Entries supplied:
Start of Block

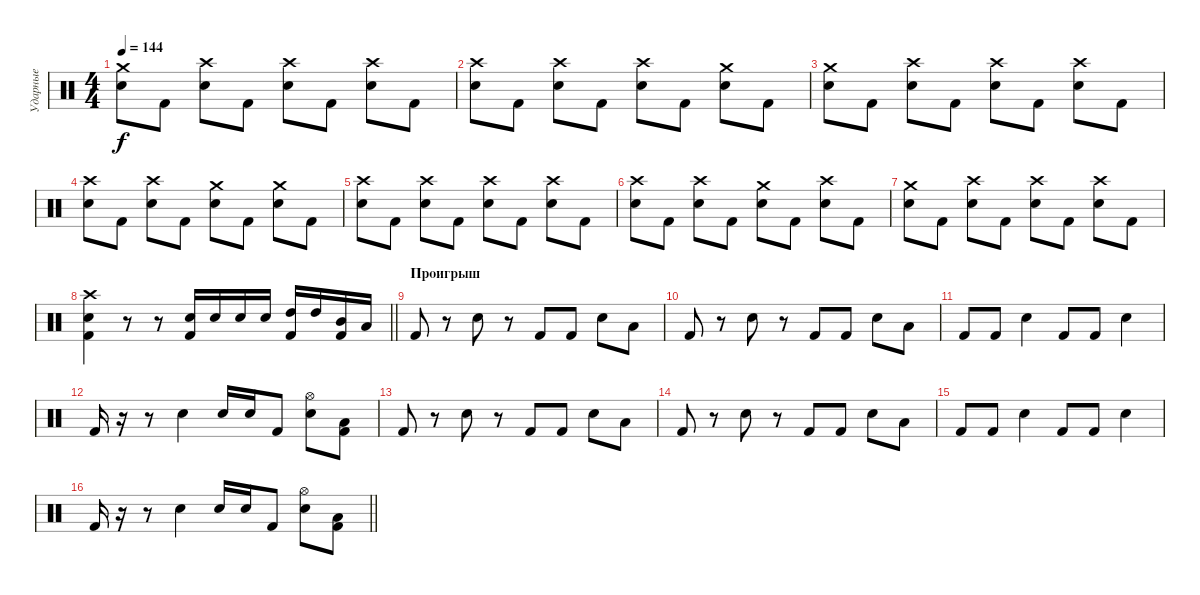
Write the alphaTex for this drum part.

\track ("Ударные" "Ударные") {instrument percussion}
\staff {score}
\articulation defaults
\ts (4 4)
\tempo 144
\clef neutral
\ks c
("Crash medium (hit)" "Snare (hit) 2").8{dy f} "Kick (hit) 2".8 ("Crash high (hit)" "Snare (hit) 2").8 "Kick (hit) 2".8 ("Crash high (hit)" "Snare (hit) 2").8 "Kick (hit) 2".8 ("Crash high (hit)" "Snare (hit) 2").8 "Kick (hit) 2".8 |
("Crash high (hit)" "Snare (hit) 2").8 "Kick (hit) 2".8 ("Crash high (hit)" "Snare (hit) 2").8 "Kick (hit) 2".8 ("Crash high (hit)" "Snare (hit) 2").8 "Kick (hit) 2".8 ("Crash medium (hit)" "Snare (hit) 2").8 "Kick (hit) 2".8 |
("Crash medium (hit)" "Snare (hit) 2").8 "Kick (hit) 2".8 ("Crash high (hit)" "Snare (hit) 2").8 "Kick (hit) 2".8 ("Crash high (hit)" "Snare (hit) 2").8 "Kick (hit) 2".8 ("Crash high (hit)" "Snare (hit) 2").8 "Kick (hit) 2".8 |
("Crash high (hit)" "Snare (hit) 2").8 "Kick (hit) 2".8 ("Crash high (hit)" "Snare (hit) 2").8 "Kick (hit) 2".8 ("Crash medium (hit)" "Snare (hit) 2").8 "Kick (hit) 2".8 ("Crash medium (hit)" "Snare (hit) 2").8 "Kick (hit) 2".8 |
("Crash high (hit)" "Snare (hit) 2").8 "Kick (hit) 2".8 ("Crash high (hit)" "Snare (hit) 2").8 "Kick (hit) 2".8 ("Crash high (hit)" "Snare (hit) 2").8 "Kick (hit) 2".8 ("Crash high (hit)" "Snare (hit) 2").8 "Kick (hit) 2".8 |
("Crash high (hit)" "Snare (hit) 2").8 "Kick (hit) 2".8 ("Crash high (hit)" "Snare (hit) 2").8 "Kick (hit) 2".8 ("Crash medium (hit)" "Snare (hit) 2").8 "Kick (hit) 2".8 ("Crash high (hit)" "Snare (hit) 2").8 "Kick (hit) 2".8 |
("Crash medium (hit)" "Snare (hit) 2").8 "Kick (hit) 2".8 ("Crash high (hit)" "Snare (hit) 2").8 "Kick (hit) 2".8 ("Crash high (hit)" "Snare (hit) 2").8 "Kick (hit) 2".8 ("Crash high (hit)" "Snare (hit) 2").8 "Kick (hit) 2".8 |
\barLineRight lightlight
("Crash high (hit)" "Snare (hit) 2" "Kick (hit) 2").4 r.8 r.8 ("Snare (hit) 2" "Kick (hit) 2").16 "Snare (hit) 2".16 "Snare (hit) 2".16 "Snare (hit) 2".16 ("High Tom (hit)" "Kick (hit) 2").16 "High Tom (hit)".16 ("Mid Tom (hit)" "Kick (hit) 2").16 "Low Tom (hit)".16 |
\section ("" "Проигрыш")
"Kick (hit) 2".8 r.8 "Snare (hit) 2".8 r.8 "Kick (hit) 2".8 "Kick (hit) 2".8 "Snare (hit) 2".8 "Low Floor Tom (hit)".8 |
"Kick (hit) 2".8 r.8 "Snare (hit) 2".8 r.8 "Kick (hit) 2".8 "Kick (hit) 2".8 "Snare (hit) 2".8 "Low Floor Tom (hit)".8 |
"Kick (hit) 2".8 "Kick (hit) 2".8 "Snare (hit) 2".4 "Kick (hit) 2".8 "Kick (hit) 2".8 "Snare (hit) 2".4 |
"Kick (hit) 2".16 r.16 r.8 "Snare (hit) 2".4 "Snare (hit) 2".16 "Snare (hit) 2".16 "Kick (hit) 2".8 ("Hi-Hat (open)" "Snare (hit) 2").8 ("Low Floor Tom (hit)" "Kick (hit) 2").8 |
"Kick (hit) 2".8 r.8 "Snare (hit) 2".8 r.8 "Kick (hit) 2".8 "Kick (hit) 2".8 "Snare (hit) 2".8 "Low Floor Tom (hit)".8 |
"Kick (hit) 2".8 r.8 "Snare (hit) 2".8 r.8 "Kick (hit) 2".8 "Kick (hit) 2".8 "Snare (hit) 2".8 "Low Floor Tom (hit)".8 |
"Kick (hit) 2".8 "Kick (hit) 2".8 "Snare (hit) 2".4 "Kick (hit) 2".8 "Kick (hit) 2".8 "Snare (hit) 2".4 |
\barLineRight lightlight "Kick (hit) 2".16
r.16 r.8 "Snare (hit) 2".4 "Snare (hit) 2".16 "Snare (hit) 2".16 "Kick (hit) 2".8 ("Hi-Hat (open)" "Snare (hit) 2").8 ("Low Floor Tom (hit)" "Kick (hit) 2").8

End of Block

Goal of the exercise: Using the entries above, state how many lines contain the string "barLineRight"; the number is all that is needed.

Response to the task: 2